▼

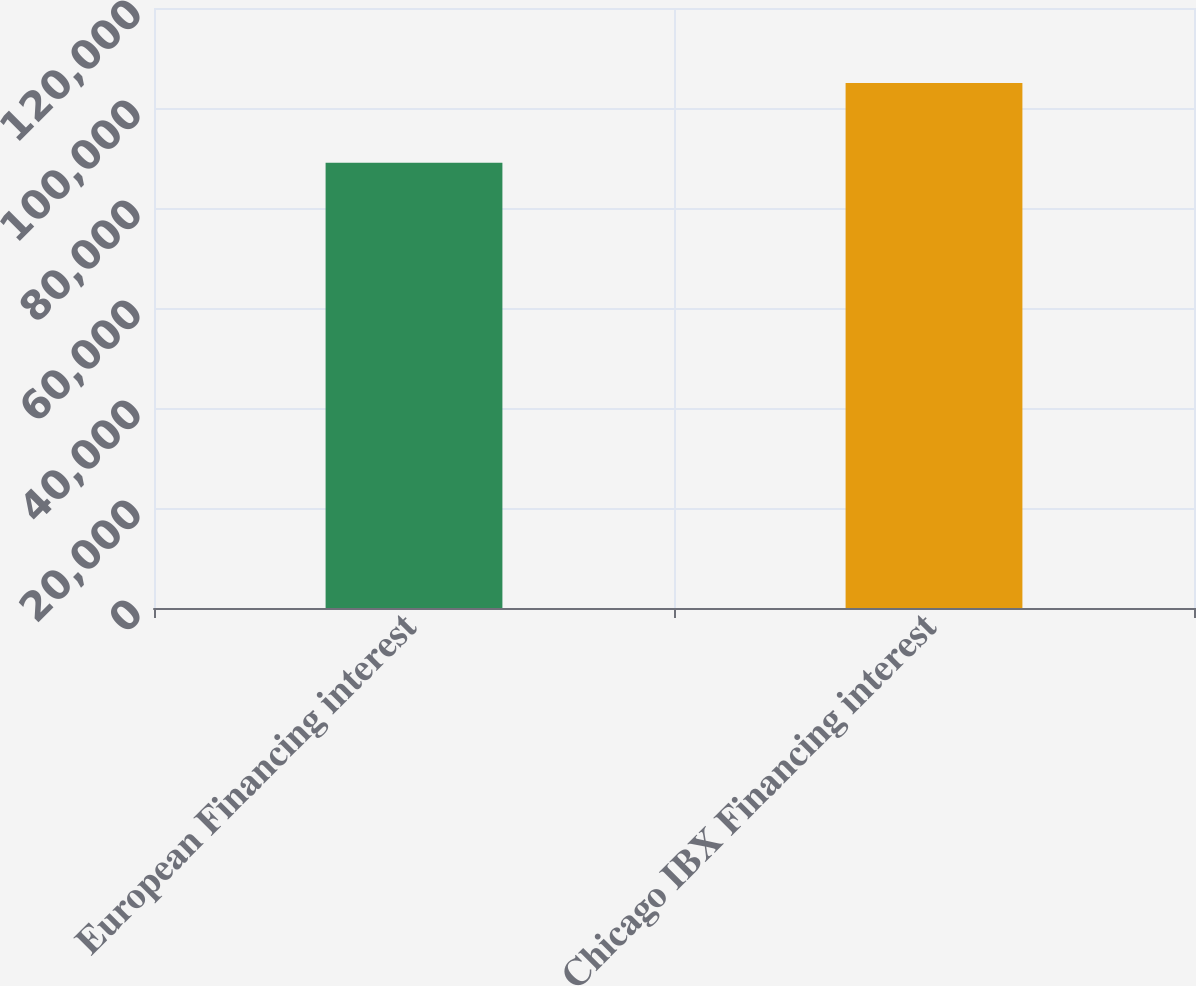Convert chart. <chart><loc_0><loc_0><loc_500><loc_500><bar_chart><fcel>European Financing interest<fcel>Chicago IBX Financing interest<nl><fcel>89065<fcel>105000<nl></chart> 
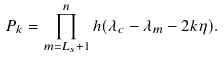<formula> <loc_0><loc_0><loc_500><loc_500>P _ { k } = \prod _ { m = L _ { s } + 1 } ^ { n } h ( \lambda _ { c } - \lambda _ { m } - 2 k \eta ) .</formula> 
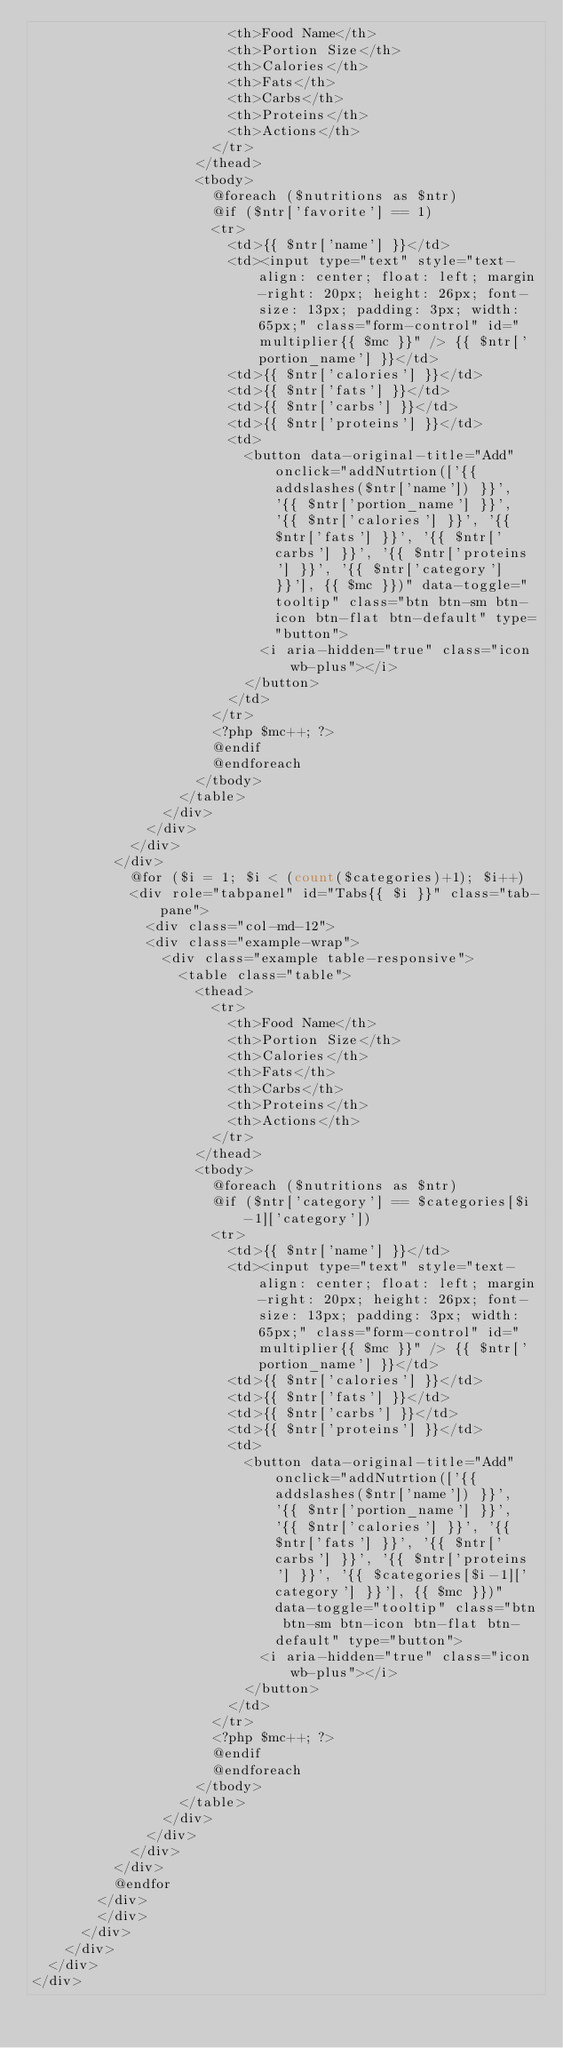Convert code to text. <code><loc_0><loc_0><loc_500><loc_500><_PHP_>												<th>Food Name</th>
												<th>Portion Size</th>
												<th>Calories</th>
												<th>Fats</th>
												<th>Carbs</th>
												<th>Proteins</th>
												<th>Actions</th>
											</tr>
										</thead>
										<tbody>
											@foreach ($nutritions as $ntr)
											@if ($ntr['favorite'] == 1)
											<tr>
												<td>{{ $ntr['name'] }}</td>
												<td><input type="text" style="text-align: center; float: left; margin-right: 20px; height: 26px; font-size: 13px; padding: 3px; width: 65px;" class="form-control" id="multiplier{{ $mc }}" /> {{ $ntr['portion_name'] }}</td>
												<td>{{ $ntr['calories'] }}</td>
												<td>{{ $ntr['fats'] }}</td>
												<td>{{ $ntr['carbs'] }}</td>
												<td>{{ $ntr['proteins'] }}</td>
												<td>
													<button data-original-title="Add" onclick="addNutrtion(['{{ addslashes($ntr['name']) }}', '{{ $ntr['portion_name'] }}', '{{ $ntr['calories'] }}', '{{ $ntr['fats'] }}', '{{ $ntr['carbs'] }}', '{{ $ntr['proteins'] }}', '{{ $ntr['category'] }}'], {{ $mc }})" data-toggle="tooltip" class="btn btn-sm btn-icon btn-flat btn-default" type="button">
														<i aria-hidden="true" class="icon wb-plus"></i>
													</button>
												</td>
											</tr>
											<?php $mc++; ?>
											@endif
											@endforeach
										</tbody>
									</table>
								</div>
							</div>
						</div>
					</div>
						@for ($i = 1; $i < (count($categories)+1); $i++)
						<div role="tabpanel" id="Tabs{{ $i }}" class="tab-pane">
							<div class="col-md-12">
							<div class="example-wrap">
								<div class="example table-responsive">
									<table class="table">
										<thead>
											<tr>
												<th>Food Name</th>
												<th>Portion Size</th>
												<th>Calories</th>
												<th>Fats</th>
												<th>Carbs</th>
												<th>Proteins</th>
												<th>Actions</th>
											</tr>
										</thead>
										<tbody>
											@foreach ($nutritions as $ntr)
											@if ($ntr['category'] == $categories[$i-1]['category'])
											<tr>
												<td>{{ $ntr['name'] }}</td>
												<td><input type="text" style="text-align: center; float: left; margin-right: 20px; height: 26px; font-size: 13px; padding: 3px; width: 65px;" class="form-control" id="multiplier{{ $mc }}" /> {{ $ntr['portion_name'] }}</td>
												<td>{{ $ntr['calories'] }}</td>
												<td>{{ $ntr['fats'] }}</td>
												<td>{{ $ntr['carbs'] }}</td>
												<td>{{ $ntr['proteins'] }}</td>
												<td>
													<button data-original-title="Add" onclick="addNutrtion(['{{ addslashes($ntr['name']) }}', '{{ $ntr['portion_name'] }}', '{{ $ntr['calories'] }}', '{{ $ntr['fats'] }}', '{{ $ntr['carbs'] }}', '{{ $ntr['proteins'] }}', '{{ $categories[$i-1]['category'] }}'], {{ $mc }})" data-toggle="tooltip" class="btn btn-sm btn-icon btn-flat btn-default" type="button">
														<i aria-hidden="true" class="icon wb-plus"></i>
													</button>
												</td>
											</tr>
											<?php $mc++; ?>
											@endif
											@endforeach
										</tbody>
									</table>
								</div>
							</div>
						</div>
					</div>
					@endfor
				</div>
				</div>
			</div>
		</div>
	</div>
</div>
</code> 
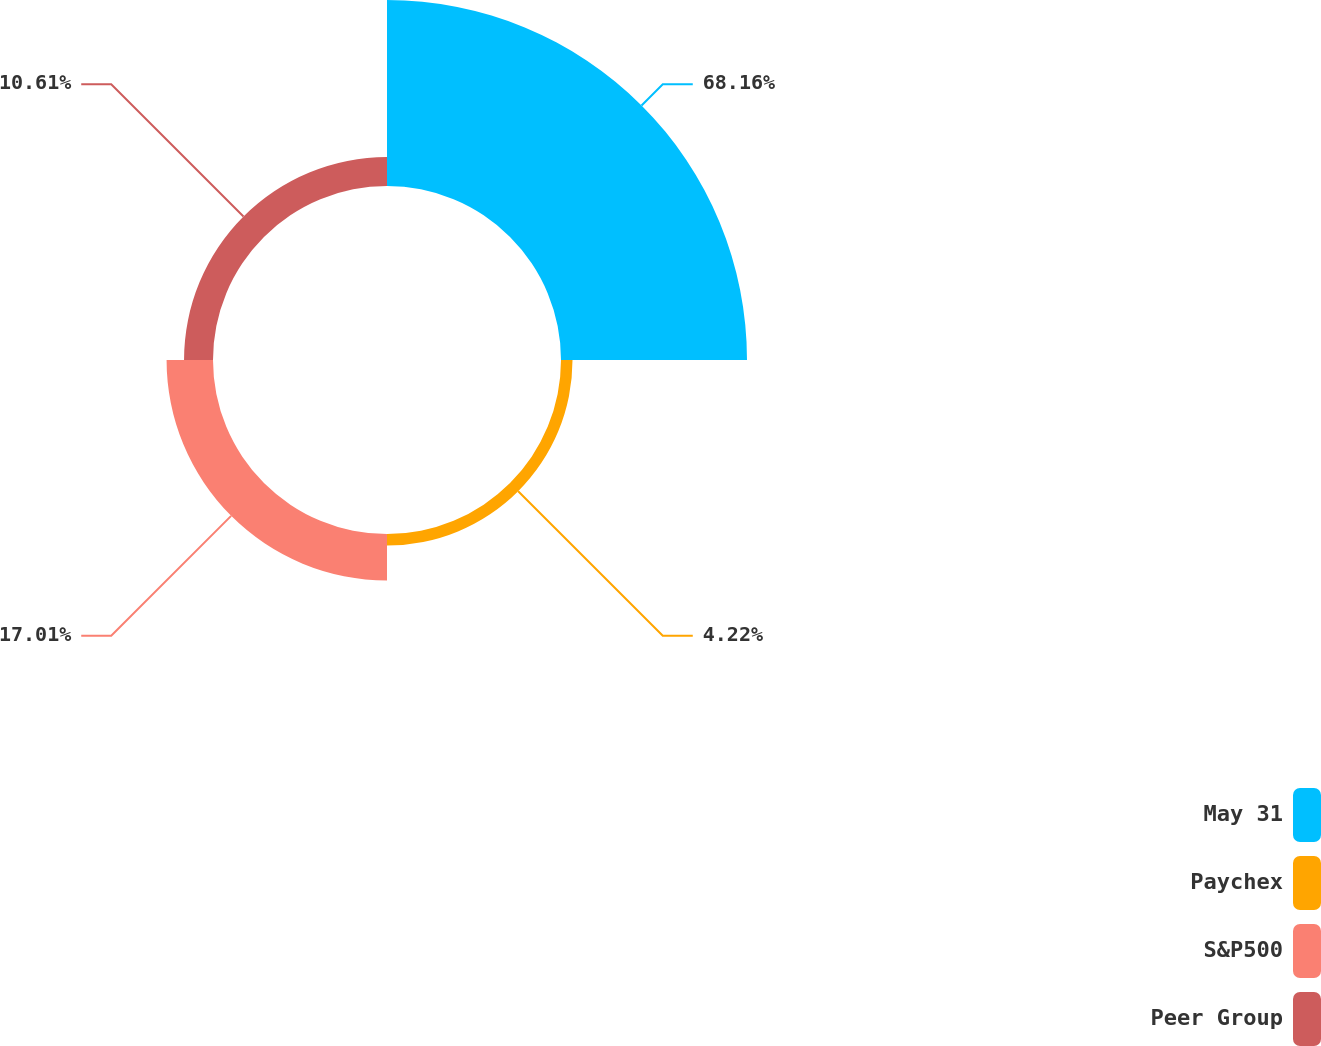<chart> <loc_0><loc_0><loc_500><loc_500><pie_chart><fcel>May 31<fcel>Paychex<fcel>S&P500<fcel>Peer Group<nl><fcel>68.16%<fcel>4.22%<fcel>17.01%<fcel>10.61%<nl></chart>

▲

Write out the whole listing verbatim, images excluded.

Convert chart. <chart><loc_0><loc_0><loc_500><loc_500><bar_chart><fcel>European Financing interest<fcel>Chicago IBX Financing interest<nl><fcel>89065<fcel>105000<nl></chart> 
<formula> <loc_0><loc_0><loc_500><loc_500>P _ { k } = \prod _ { m = L _ { s } + 1 } ^ { n } h ( \lambda _ { c } - \lambda _ { m } - 2 k \eta ) .</formula> 
Convert code to text. <code><loc_0><loc_0><loc_500><loc_500><_PHP_>												<th>Food Name</th>
												<th>Portion Size</th>
												<th>Calories</th>
												<th>Fats</th>
												<th>Carbs</th>
												<th>Proteins</th>
												<th>Actions</th>
											</tr>
										</thead>
										<tbody>
											@foreach ($nutritions as $ntr)
											@if ($ntr['favorite'] == 1)
											<tr>
												<td>{{ $ntr['name'] }}</td>
												<td><input type="text" style="text-align: center; float: left; margin-right: 20px; height: 26px; font-size: 13px; padding: 3px; width: 65px;" class="form-control" id="multiplier{{ $mc }}" /> {{ $ntr['portion_name'] }}</td>
												<td>{{ $ntr['calories'] }}</td>
												<td>{{ $ntr['fats'] }}</td>
												<td>{{ $ntr['carbs'] }}</td>
												<td>{{ $ntr['proteins'] }}</td>
												<td>
													<button data-original-title="Add" onclick="addNutrtion(['{{ addslashes($ntr['name']) }}', '{{ $ntr['portion_name'] }}', '{{ $ntr['calories'] }}', '{{ $ntr['fats'] }}', '{{ $ntr['carbs'] }}', '{{ $ntr['proteins'] }}', '{{ $ntr['category'] }}'], {{ $mc }})" data-toggle="tooltip" class="btn btn-sm btn-icon btn-flat btn-default" type="button">
														<i aria-hidden="true" class="icon wb-plus"></i>
													</button>
												</td>
											</tr>
											<?php $mc++; ?>
											@endif
											@endforeach
										</tbody>
									</table>
								</div>
							</div>
						</div>
					</div>
						@for ($i = 1; $i < (count($categories)+1); $i++)
						<div role="tabpanel" id="Tabs{{ $i }}" class="tab-pane">
							<div class="col-md-12">
							<div class="example-wrap">
								<div class="example table-responsive">
									<table class="table">
										<thead>
											<tr>
												<th>Food Name</th>
												<th>Portion Size</th>
												<th>Calories</th>
												<th>Fats</th>
												<th>Carbs</th>
												<th>Proteins</th>
												<th>Actions</th>
											</tr>
										</thead>
										<tbody>
											@foreach ($nutritions as $ntr)
											@if ($ntr['category'] == $categories[$i-1]['category'])
											<tr>
												<td>{{ $ntr['name'] }}</td>
												<td><input type="text" style="text-align: center; float: left; margin-right: 20px; height: 26px; font-size: 13px; padding: 3px; width: 65px;" class="form-control" id="multiplier{{ $mc }}" /> {{ $ntr['portion_name'] }}</td>
												<td>{{ $ntr['calories'] }}</td>
												<td>{{ $ntr['fats'] }}</td>
												<td>{{ $ntr['carbs'] }}</td>
												<td>{{ $ntr['proteins'] }}</td>
												<td>
													<button data-original-title="Add" onclick="addNutrtion(['{{ addslashes($ntr['name']) }}', '{{ $ntr['portion_name'] }}', '{{ $ntr['calories'] }}', '{{ $ntr['fats'] }}', '{{ $ntr['carbs'] }}', '{{ $ntr['proteins'] }}', '{{ $categories[$i-1]['category'] }}'], {{ $mc }})" data-toggle="tooltip" class="btn btn-sm btn-icon btn-flat btn-default" type="button">
														<i aria-hidden="true" class="icon wb-plus"></i>
													</button>
												</td>
											</tr>
											<?php $mc++; ?>
											@endif
											@endforeach
										</tbody>
									</table>
								</div>
							</div>
						</div>
					</div>
					@endfor
				</div>
				</div>
			</div>
		</div>
	</div>
</div>
</code> 
<chart> <loc_0><loc_0><loc_500><loc_500><pie_chart><fcel>May 31<fcel>Paychex<fcel>S&P500<fcel>Peer Group<nl><fcel>68.16%<fcel>4.22%<fcel>17.01%<fcel>10.61%<nl></chart>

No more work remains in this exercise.